The Serjeant's entrance then was with a request of freedom of speech and allowance of time answerable to the proceeding of their accusers, which was assented to and in truth observed with a just measure. He intimated how nearly the case concerned two noble persons, whereof one had been the second public officer of the land until this cloud of accusation fell upon him of offences foul in their own nature, but endeavoured to be made much fouler. He fell to answer the charge concerning the point of Ordnance; that my Lord is chargeable of what the officers suffered for want of their pay—with this avoidance, "that the privy seal granted for 6000l to be yearly issued for that office, being directed to the Lord Treasurer to pay so much to the Lieutenant, the said Lieutenant might pay it to the officers". So the Lieutenant and not my Lord was chargeable, and that if the works were not done nor provisions brought in (as in the information he stands charged though it appear by Dallison's account in the Chequer that the works were done and provisions brought in) the Earl is not faulty, whose eminent quality might exempt him from such mean inquisitions and duties proper to the Lieutenant. And as for the 2200l which he is charged to have distributed to Dallison after he was discharged of his place, the Serjeant affirmed it was paid long before as appeared by the tally. And as for the arrear of 9000l entrusted to Dallison in the space of two years and a half, it was answered that the greater part did not grow in my Lord Treasurer Suffolk's time, but before. Lastly, the error of not bringing in the books and their not subscribing by the officers were affirmed to grow from Dallison's protestations to my Lord that they were subscribed, who then of that state and reputation of honesty might easily beget belief in his Lordship; so as if the Earl, he said, had erred it is not of wilfulness but of too much credulity, much less of corruption, as by the bill he stood accused.

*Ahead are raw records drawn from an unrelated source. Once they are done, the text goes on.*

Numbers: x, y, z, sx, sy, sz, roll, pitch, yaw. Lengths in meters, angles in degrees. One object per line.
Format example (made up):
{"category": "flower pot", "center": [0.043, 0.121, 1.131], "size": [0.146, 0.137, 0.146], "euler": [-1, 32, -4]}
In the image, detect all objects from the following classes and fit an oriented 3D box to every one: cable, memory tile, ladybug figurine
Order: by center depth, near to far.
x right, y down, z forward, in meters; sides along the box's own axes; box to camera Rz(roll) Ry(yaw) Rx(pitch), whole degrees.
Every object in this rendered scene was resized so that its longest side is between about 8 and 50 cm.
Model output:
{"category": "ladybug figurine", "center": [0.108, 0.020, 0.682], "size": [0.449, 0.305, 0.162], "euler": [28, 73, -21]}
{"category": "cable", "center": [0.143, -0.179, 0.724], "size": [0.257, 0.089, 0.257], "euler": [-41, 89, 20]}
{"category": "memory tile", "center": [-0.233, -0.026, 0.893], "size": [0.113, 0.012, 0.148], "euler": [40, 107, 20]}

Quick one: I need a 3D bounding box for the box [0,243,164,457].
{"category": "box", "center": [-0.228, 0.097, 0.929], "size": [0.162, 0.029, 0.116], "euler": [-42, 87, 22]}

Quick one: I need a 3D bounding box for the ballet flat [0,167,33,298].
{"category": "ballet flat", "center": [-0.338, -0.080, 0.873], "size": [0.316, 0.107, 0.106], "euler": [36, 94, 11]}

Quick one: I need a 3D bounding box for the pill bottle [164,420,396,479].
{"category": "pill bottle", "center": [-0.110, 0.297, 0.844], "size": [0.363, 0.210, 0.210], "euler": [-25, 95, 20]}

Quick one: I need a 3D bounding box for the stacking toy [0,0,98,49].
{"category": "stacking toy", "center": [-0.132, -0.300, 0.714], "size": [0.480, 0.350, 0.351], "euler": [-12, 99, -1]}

Lastly, for the moneys delivered to Dallison they were by way of imprest, a liberty ordinarily allowed the Lords Treasurer, and a trust that Dallison's estate might well deserve.

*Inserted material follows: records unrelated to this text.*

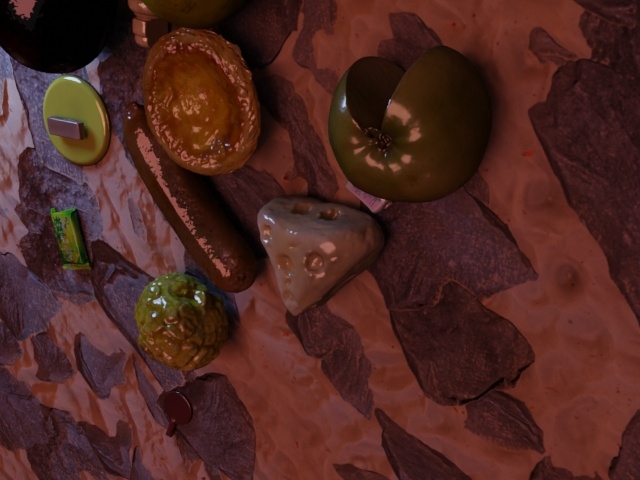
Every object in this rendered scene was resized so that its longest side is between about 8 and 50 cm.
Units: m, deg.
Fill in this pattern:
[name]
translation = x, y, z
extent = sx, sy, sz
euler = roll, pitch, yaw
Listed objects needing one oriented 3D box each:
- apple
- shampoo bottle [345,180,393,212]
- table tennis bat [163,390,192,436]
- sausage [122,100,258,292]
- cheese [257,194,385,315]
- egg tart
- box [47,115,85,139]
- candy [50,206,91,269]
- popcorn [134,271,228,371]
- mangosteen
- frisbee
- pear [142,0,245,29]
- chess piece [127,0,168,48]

These answers were replied to by the Solicitor and others of the King's party, and in some points disabled; but not so but it left that part of the business less heinous in the hearers' judgment than they had till then conceived of it.
The next charge fallen upon by the Serjeant was that of the alum works, and first of my Lord's not delivery of the bond of contract of 12,0001 to the Remembrancer of the Exchequer but to Sir John Bingley, out of whose hands it was by my Lord taken and cancelled upon the making of the second contract, whereby the King lost his advantage upon the first and had but the help of 6000l bond upon the second. To this was answered that the articles and bond of contract being but temporary, it was meant that they should not be delivered to the Remembrancer till the alteration of the contract should give cause, and therefore might be (and were by consent of the parties as Sir A. Ingram deposes) given to Bingley to be kept as to a clerk of the Exchequer and accustomed to have the custody of such instruments. And for the cancelling of them, he alleged that the second contract being for so many years to come and under such strong assurance as the Great Seal, it was a sufficient discharge of the former. Besides it was concluded by agreement among the contractors that unless the bond of 12,000l might be redelivered, they would not enter into a new contract: so my Lord, he said, was clear of that charge, that he cancelled the bond for his own advantage. As for the taking of less bond for the latter contract than for the former, the cause was alleged to grow from this, that the 10,000l which the King gave being bestowed in building of houses for the works, the less bond was sufficient.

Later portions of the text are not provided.